Filing an Employment Discrimination Charge
A Do-It-Yourself Packet for Immigrant Workers
In 1986, Congress passed the Immigration Reform and Control Act (IRCA), which made it unlawful for employers to knowingly hire an undocumented worker and established an employment eligibility verification procedure that employers must follow to verify that employees are authorized to work in the United States. This procedure requires all employees to provide proof of their identity and authorization to work in the U.S. by filling out Form I-9. Given the increased immigration enforcement at the workplace, some employers may be afraid of being sanctioned (either with civil or criminal penalties) while others may be confused with the different types of new verification programs. As a result, some employers may refuse to hire immigrants and other workers who “look or sound” foreign. Other employers refuse to accept valid work authorization papers or will only hire individuals who are lawful permanent residents or U.S. citizens. For these reasons, IRCA also included antidiscrimination provisions that make it unlawful for employers to discriminate or retaliate against workers based on citizenship or immigration status; or to request certain or specific work authorization documents from workers.

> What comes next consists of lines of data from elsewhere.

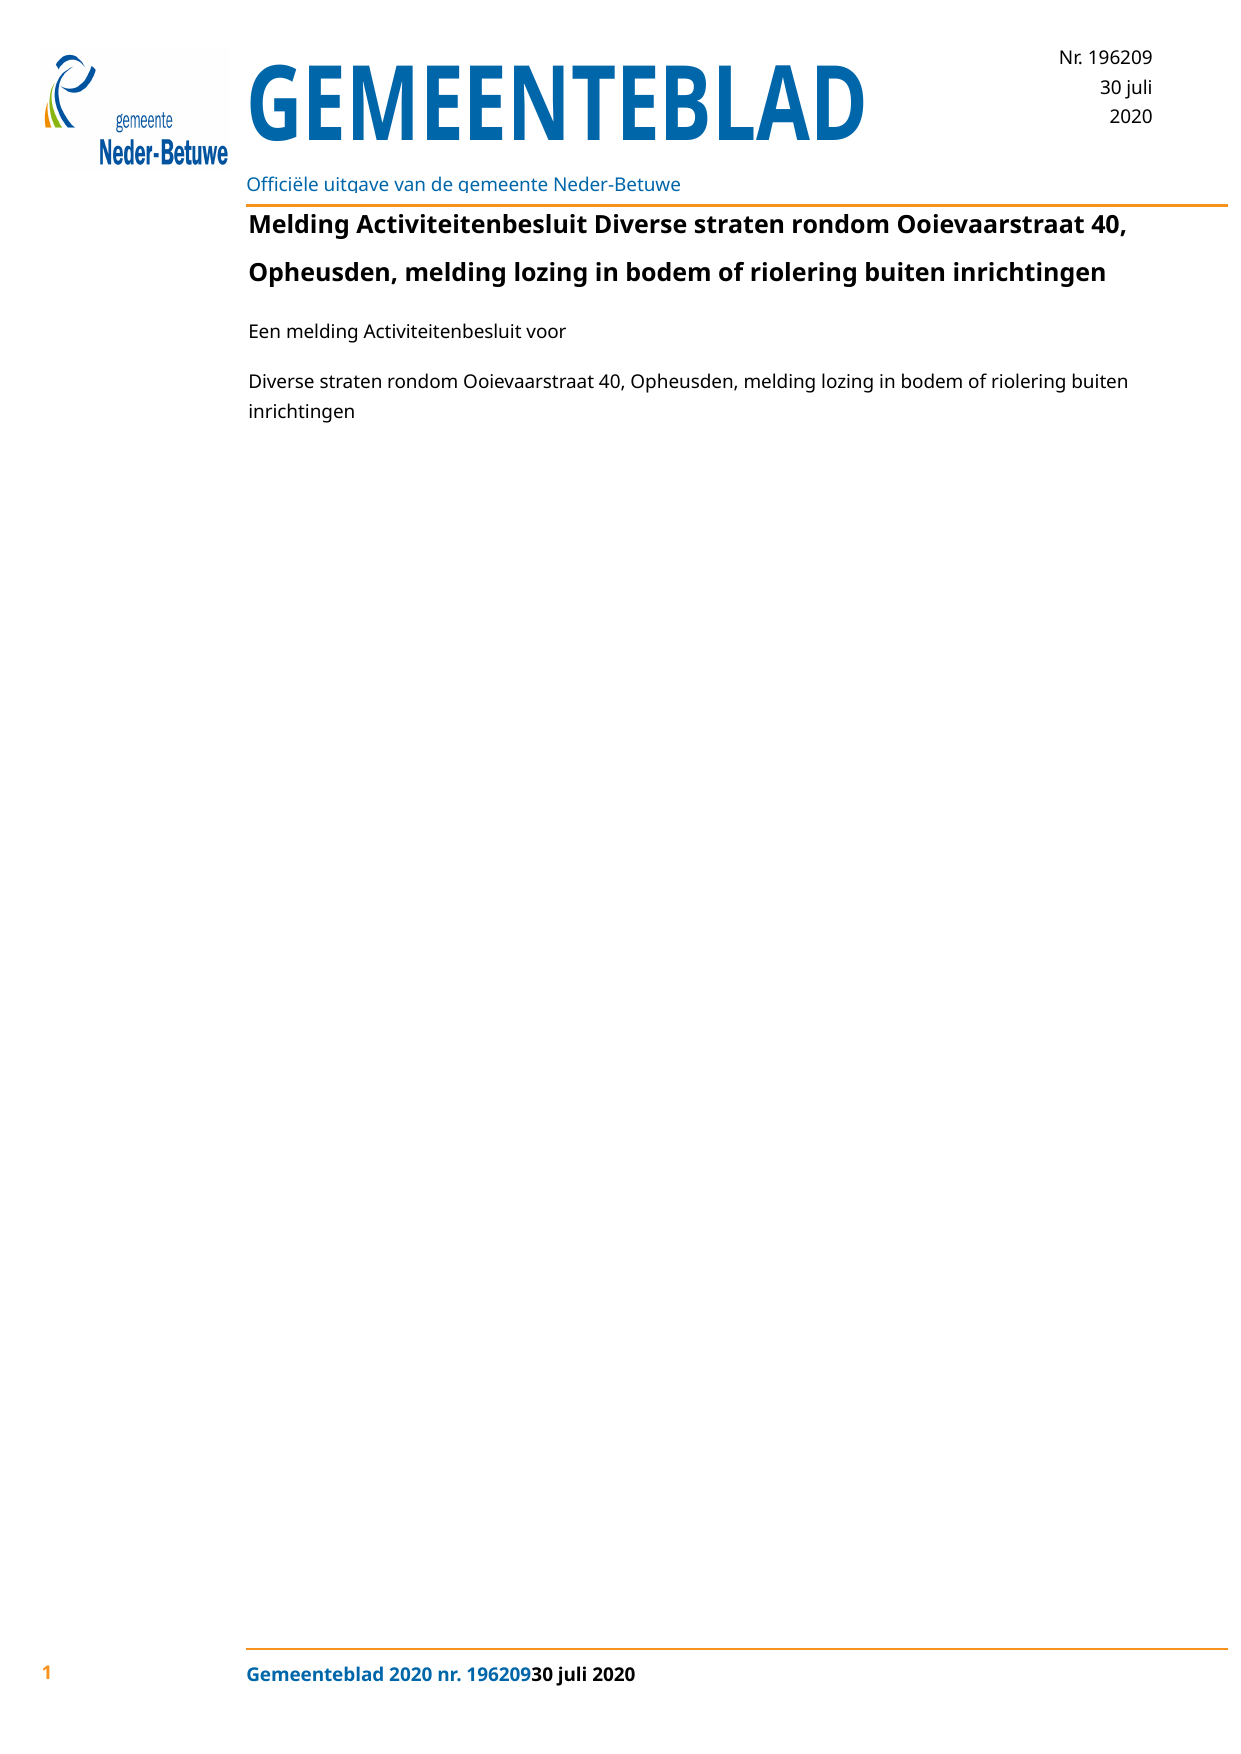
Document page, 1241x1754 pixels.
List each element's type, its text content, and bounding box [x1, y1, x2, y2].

text Diverse straten rondom Ooievaarstraat 40, Opheusden, melding lozing in bodem of riolering buiten inrichtingen [248, 368, 1152, 424]
text Melding Activiteitenbesluit Diverse straten rondom Ooievaarstraat 40, Opheusden, melding lozing in bodem of riolering buiten inrichtingen [248, 207, 1152, 288]
text Een melding Activiteitenbesluit voor [248, 318, 1152, 344]
picture [41, 47, 231, 172]

If you think an employer did not hire you because you are not a U.S. citizen, you “look or sound” foreign, or the employer wouldn’t accept your valid work authorization documents, you may be the victim of illegal employment discrimination under federal immigration law. This packet will provide you with information about your right to be free of employment discrimination, and how to file a discrimination charge to help you protect your rights as a worker.